O cartaz do VOA – Heavy Rock Festival – que decorre, nos dias 4, 5 e 6 de Agosto – conta também com a participação dos já anunciados APOCALYPTICA, TRIVIUM, EPICA, THE DILLINGER ESCAPE PLAN, INSOMNIUM, DEATH ANGEL, OBITUARY, KILLUS, CHILDRAIN, COLOSSO e TERROR EMPIRE. Os últimos nomes serão anunciados brevemente.

Quatro anos depois de, em 2013, terem apanhado muito boa gente de surpresa com o lançamento do disco de estreia «A Shade Of My Former Self» através da independente francesa Listenable Records, os holandeses The Charm The Fury aumentaram em muito a qualidade do seu “jogo”. Dominado por um registo agressivo impulsionado pelo desdém que os elementos da banda nutrem pelo estado calamitoso do planeta em que vivemos no Séc. XXI, apoiado numa inteligência feroz e num sincero desejo de libertar as massas do torpor em que vivem, a novidade «The Sick, Dumb & Happy» afirma-se como uma potente declaração de intenções na forma como pretende trazer um novo fôlego ao mundo da música pesada. Temas como os singles «Down On The Ropes» ou «Echoes» surgem assentes numa fórmula de metal ultra-moderno e distinto, carregado de balanço e melodia, redefinindo o som do quinteto à luz do crescimento que sofreu desde que, corria o ano de 2010, se juntaram para fazer música. Revelando um crescimento exponencial, em 2017 os The Charm The Fury mostram-se um coletivo no auge dos seus poderes, impulsionado por uma paixão imensa para fazer música que vai direta à jugular e que exige headbanging furioso por parte da sua audiência.

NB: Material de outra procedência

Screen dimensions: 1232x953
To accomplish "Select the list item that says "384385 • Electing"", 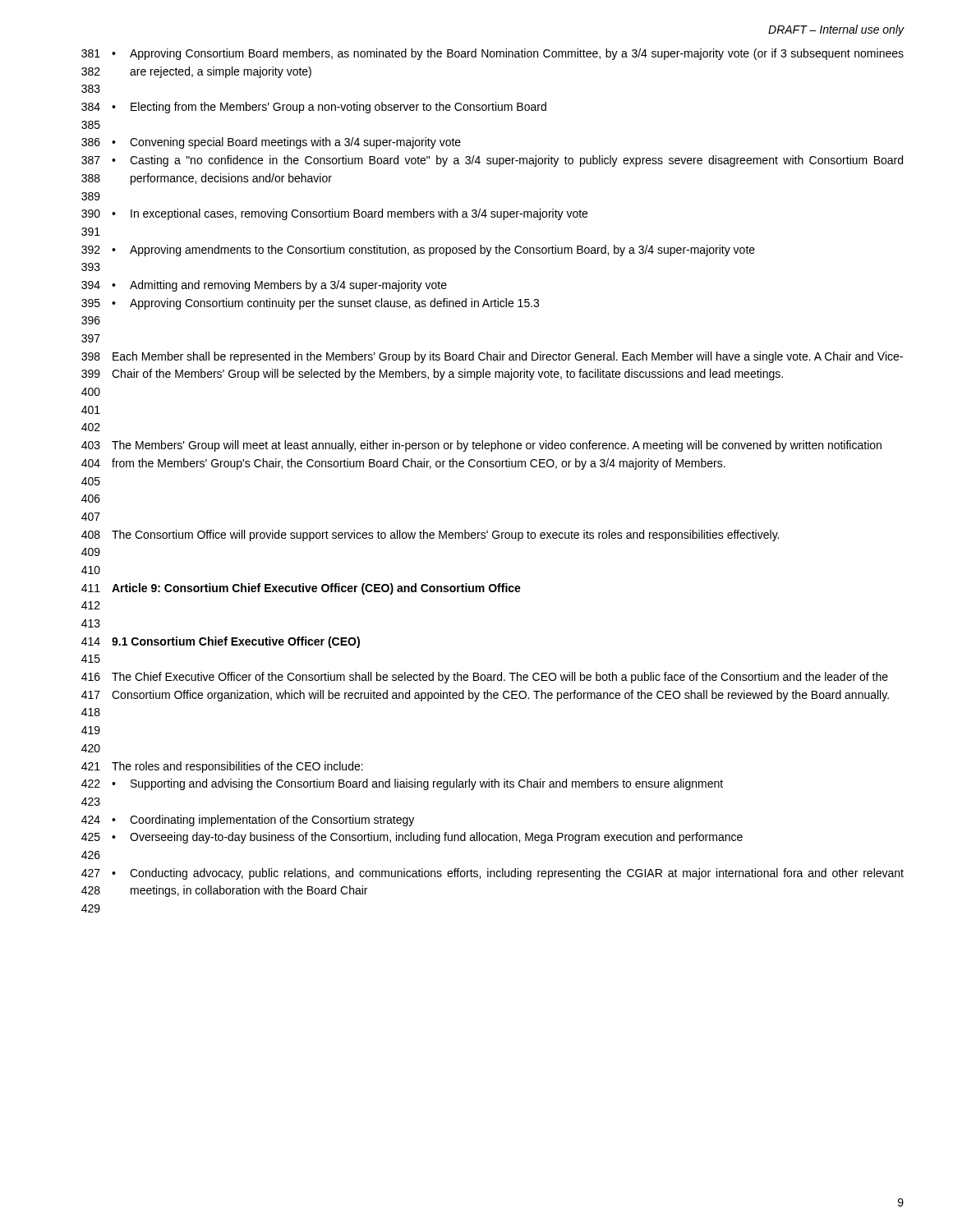I will [x=485, y=116].

À frente do projeto está a indomável Caroline Westendorp, senhora de um registo vocal ultra-dinâmico, capaz de ir do canto melódico a um forte rugido gutural numa questão de segundos, que se afirma como mais uma prova de que uma vocalista feminina no mundo do metal pode ser muito mais que apenas uma ferramenta do marketing para satisfazer as massas.

Tendo aperfeiçoado a sua expressão musical distinta e inimitável ao longo de um caminho que abrange já uma carreira de quinze anos, os Process Of Guilt são atualmente uma das principais forças motrizes no underground português. Entregando riffs massivos e pesados apoiados numa secção rítmica punitivamente precisa, quase-industrial, a banda lisboeta possui uma intensidade única que atrai ouvintes de um amplo espectro de géneros e sub-géneros da música extrema. Amplamente experimentados quando se trata de tocar ao vivo – tendo partilhado palcos com bandas de nomeada como Godflesh, Cult of Luna ou Napalm Death – as suas performances são exibições puras de ferocidade, que não deixam ninguém indiferente. Com o lançamento de seu terceiro longa-duração «FÆMIN», em 2012, o quarteto formado por Hugo Santos, Nuno David, Custódio Rato e Gonçalo Correia deu finalmente o há muito merecido salto para o reconhecimento internacional – o álbum sucessor de «Erosion» e «Renounce» valeu-lhes duas digressões europeias como cabeças-de-cartaz e um cobiçado slot na edição de 2013 do festival Roadburn, onde atuaram perante uma multidão totalmente rendida à descarga monolítica do quarteto nacional. Já após a edição de um split com os suíços Rorcal, há dois anos, 2017 marca o regresso dos músicos aos discos de longa-duração, com o colossal «Black Earth» a capturar uma vez mais as vibrações orgânicas e industriais já presentes em «FÆMIN» e desenvolvendo-as ainda mais na construção de uma besta hipnótica de proporções gigantescas.

Os bilhetes custam 65 euros (passe três dias) e 35 euros (bilhete diário), à venda nos locais habituais.